• **TO DO**
Reproduce all lines of the listing below in which the word "parted" occurs.

• **GIVEN RECORDS**
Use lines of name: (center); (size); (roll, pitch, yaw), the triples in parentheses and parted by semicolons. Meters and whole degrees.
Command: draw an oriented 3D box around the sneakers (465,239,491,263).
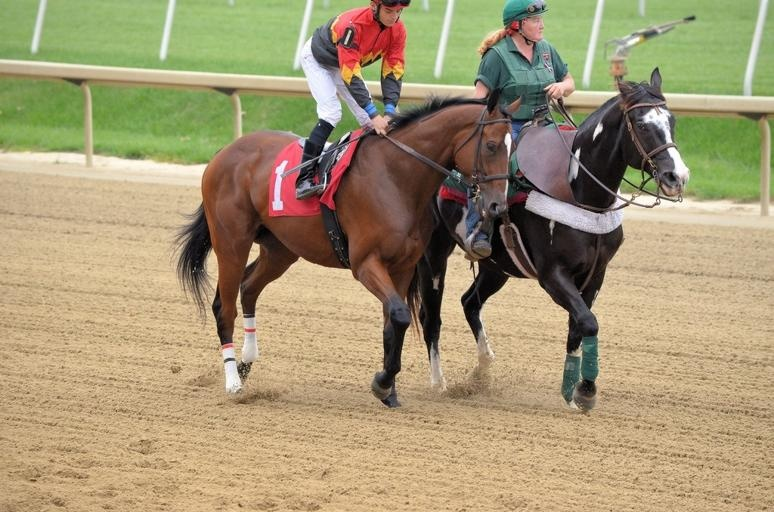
sneakers: (0.786, -0.050, 9.807); (0.136, 0.107, 0.245); (1, -24, -5)

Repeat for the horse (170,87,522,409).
horse: (-0.549, 0.007, 10.126); (3.981, 2.776, 1.106); (2, 1, 39)

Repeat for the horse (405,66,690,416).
horse: (1.323, 0.031, 10.483); (1.058, 2.794, 3.914); (3, -4, -26)
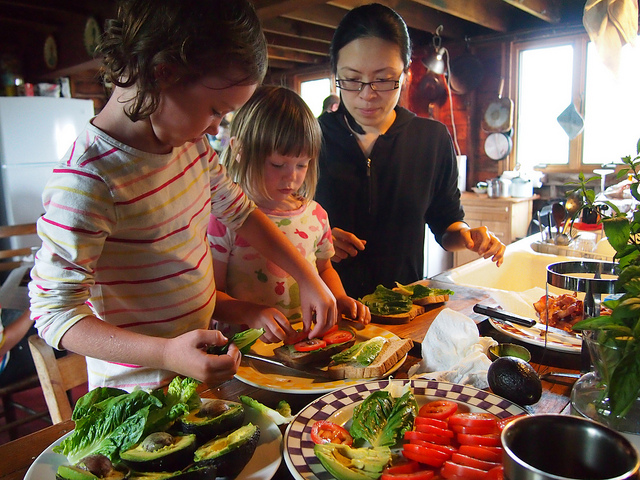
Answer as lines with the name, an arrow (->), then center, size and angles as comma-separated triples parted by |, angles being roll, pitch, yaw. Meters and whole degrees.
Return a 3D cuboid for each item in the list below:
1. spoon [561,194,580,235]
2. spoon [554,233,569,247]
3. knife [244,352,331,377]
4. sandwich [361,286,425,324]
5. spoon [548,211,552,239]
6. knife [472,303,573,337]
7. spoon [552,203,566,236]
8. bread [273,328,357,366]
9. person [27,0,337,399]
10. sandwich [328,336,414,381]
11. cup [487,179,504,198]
spoon -> 1.272, -0.119, 2.356 | 0.064, 0.042, 0.290 | 19, 53, 19
spoon -> 1.261, 0.003, 2.425 | 0.068, 0.061, 0.062 | 9, -21, -30
knife -> -0.077, 0.324, 1.197 | 0.286, 0.012, 0.036 | 9, 17, 26
sandwich -> 0.231, 0.213, 1.522 | 0.129, 0.036, 0.121 | -1, 19, -1
spoon -> 1.208, -0.082, 2.438 | 0.022, 0.142, 0.019 | -8, 6, -35
knife -> 0.589, 0.236, 1.341 | 0.328, 0.025, 0.044 | 17, 32, 36
spoon -> 1.249, -0.126, 2.419 | 0.046, 0.207, 0.030 | 4, 9, 36
bread -> -0.015, 0.285, 1.239 | 0.134, 0.028, 0.078 | -5, 9, -24
person -> -0.298, -0.132, 1.163 | 0.437, 0.823, 0.645 | 5, 6, 35
sandwich -> 0.129, 0.298, 1.186 | 0.099, 0.033, 0.162 | 8, 14, 34
cup -> 1.675, -0.503, 4.586 | 0.212, 0.192, 0.119 | -1, 6, -23
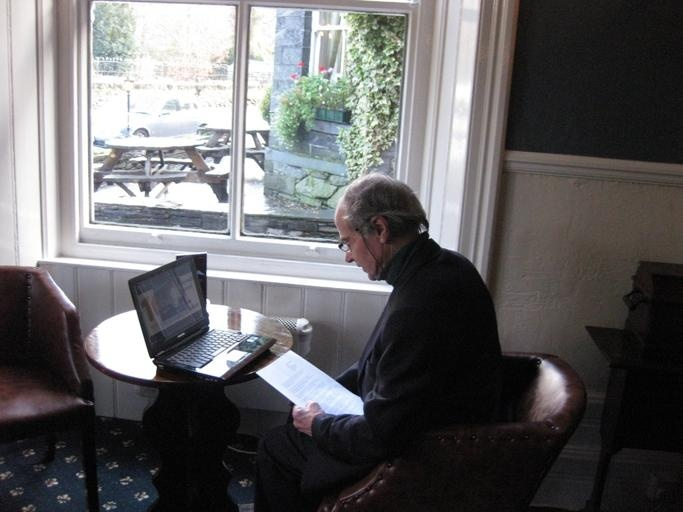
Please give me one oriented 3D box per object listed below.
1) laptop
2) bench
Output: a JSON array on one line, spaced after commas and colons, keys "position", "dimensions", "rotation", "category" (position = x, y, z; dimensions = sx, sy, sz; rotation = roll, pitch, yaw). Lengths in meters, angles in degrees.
[{"position": [-0.570, 0.253, 2.162], "dimensions": [0.351, 0.474, 0.445], "rotation": [-13, 7, 32], "category": "laptop"}, {"position": [-0.860, -0.450, 2.989], "dimensions": [0.497, 0.239, 0.435], "rotation": [3, 25, 5], "category": "bench"}]
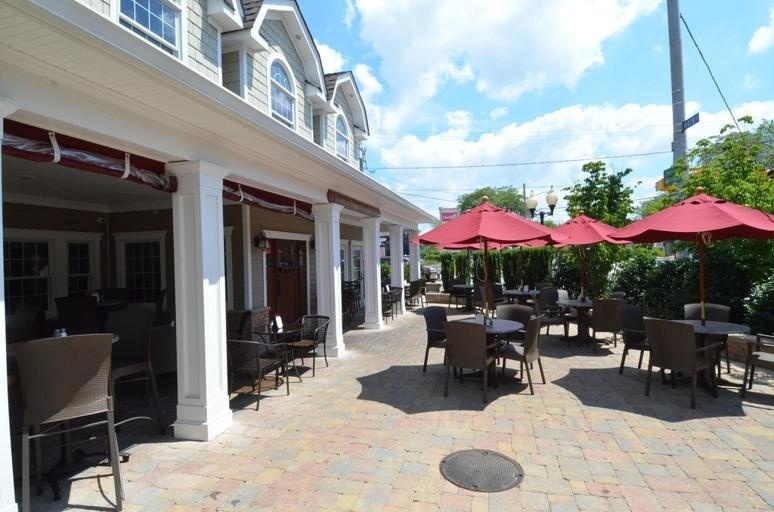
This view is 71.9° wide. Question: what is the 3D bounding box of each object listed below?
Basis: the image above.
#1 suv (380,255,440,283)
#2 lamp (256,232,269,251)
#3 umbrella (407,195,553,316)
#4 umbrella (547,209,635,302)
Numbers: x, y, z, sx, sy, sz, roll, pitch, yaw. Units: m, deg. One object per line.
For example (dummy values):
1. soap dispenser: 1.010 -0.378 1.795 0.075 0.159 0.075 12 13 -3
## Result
1. suv: 1.658 0.821 33.220 2.517 1.105 3.300 1 -2 -24
2. lamp: -3.016 -0.366 12.956 0.164 0.436 0.448 -3 -4 13
3. umbrella: 1.733 -0.197 9.843 1.778 1.432 1.800 0 7 20
4. umbrella: 3.931 -0.314 11.430 1.295 1.370 1.264 22 -16 -12
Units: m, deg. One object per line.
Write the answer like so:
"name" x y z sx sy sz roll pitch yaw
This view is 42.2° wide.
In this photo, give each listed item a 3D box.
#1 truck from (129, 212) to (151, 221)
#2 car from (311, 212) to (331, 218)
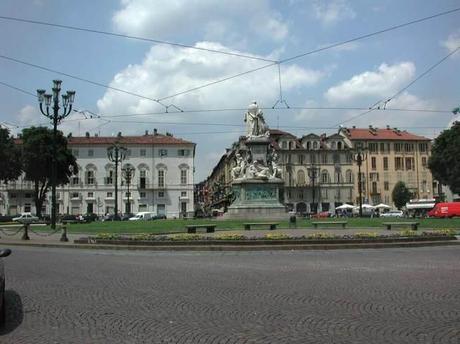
"truck" -11.102 5.637 75.768 1.464 0.846 1.912 -8 -11 35
"car" 12.286 5.709 78.932 2.393 0.718 1.342 1 -7 6
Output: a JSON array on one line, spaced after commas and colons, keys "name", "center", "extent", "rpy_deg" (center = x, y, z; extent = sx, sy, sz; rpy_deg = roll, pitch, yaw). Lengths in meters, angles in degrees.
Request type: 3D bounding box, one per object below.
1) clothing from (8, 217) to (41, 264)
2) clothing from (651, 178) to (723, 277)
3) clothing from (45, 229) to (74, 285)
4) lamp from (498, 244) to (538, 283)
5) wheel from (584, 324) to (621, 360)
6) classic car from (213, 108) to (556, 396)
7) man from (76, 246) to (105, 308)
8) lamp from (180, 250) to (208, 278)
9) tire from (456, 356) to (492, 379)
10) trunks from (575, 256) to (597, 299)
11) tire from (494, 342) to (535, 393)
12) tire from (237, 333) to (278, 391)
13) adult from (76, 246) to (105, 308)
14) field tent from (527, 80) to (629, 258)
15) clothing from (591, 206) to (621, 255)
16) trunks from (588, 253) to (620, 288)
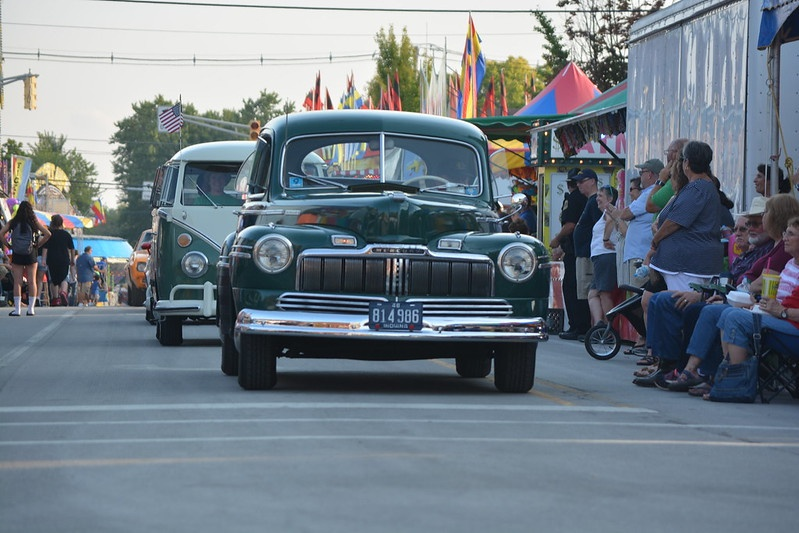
[{"name": "clothing", "center": [-8.501, -0.528, 23.402], "extent": [0.559, 0.996, 0.471], "rpy_deg": [-1, 4, -25]}, {"name": "clothing", "center": [3.282, -0.515, 11.632], "extent": [0.713, 1.091, 0.941], "rpy_deg": [8, 8, 26]}, {"name": "clothing", "center": [-8.861, -0.337, 26.873], "extent": [0.765, 2.052, 0.564], "rpy_deg": [2, 26, -13]}, {"name": "lamp", "center": [1.203, -0.034, 10.474], "extent": [0.360, 0.373, 0.361], "rpy_deg": [14, 25, 31]}, {"name": "wheel", "center": [2.885, 1.061, 14.635], "extent": [0.586, 0.624, 0.459], "rpy_deg": [6, -6, 2]}, {"name": "classic car", "center": [-0.187, -0.234, 11.047], "extent": [3.373, 3.027, 2.427], "rpy_deg": [0, 3, -2]}, {"name": "man", "center": [-11.350, 0.345, 37.577], "extent": [0.830, 2.199, 0.753], "rpy_deg": [1, -4, 19]}, {"name": "lamp", "center": [-3.056, -0.032, 15.396], "extent": [0.380, 0.392, 0.113], "rpy_deg": [1, 3, 8]}, {"name": "tire", "center": [0.881, 1.191, 12.147], "extent": [0.333, 0.458, 0.478], "rpy_deg": [3, -2, -3]}, {"name": "trunks", "center": [3.019, 0.161, 16.658], "extent": [0.325, 0.888, 0.666], "rpy_deg": [1, 0, 1]}, {"name": "tire", "center": [1.185, 1.010, 10.578], "extent": [0.180, 0.529, 0.513], "rpy_deg": [1, 3, -3]}, {"name": "tire", "center": [-1.426, 0.958, 10.407], "extent": [0.387, 0.608, 0.361], "rpy_deg": [0, 3, -9]}, {"name": "adult", "center": [-11.326, 0.340, 37.582], "extent": [0.845, 2.180, 0.769], "rpy_deg": [1, -2, 22]}, {"name": "field tent", "center": [3.737, -2.523, 23.654], "extent": [2.982, 3.440, 3.302], "rpy_deg": [-1, 15, 16]}, {"name": "clothing", "center": [3.214, -0.590, 16.048], "extent": [0.513, 0.999, 0.738], "rpy_deg": [1, 3, 4]}, {"name": "trunks", "center": [3.179, 0.036, 15.904], "extent": [0.359, 0.595, 0.620], "rpy_deg": [-2, 7, 25]}]
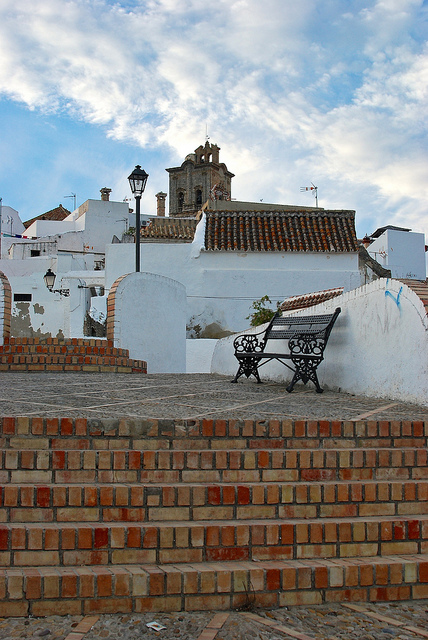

• **OUTPUT FOR THIS EXERCISE**
Use lines of name: (center); (size); (roll, pitch, yaw), the triples in parentheses and parted by semicolons. Meters and whole degrees.
Answer as lines with the name, an arrow (->), then center, size and angles as comma-separated triples parted by |, angles being roll, pitch, yaw. Meters and whole degrees.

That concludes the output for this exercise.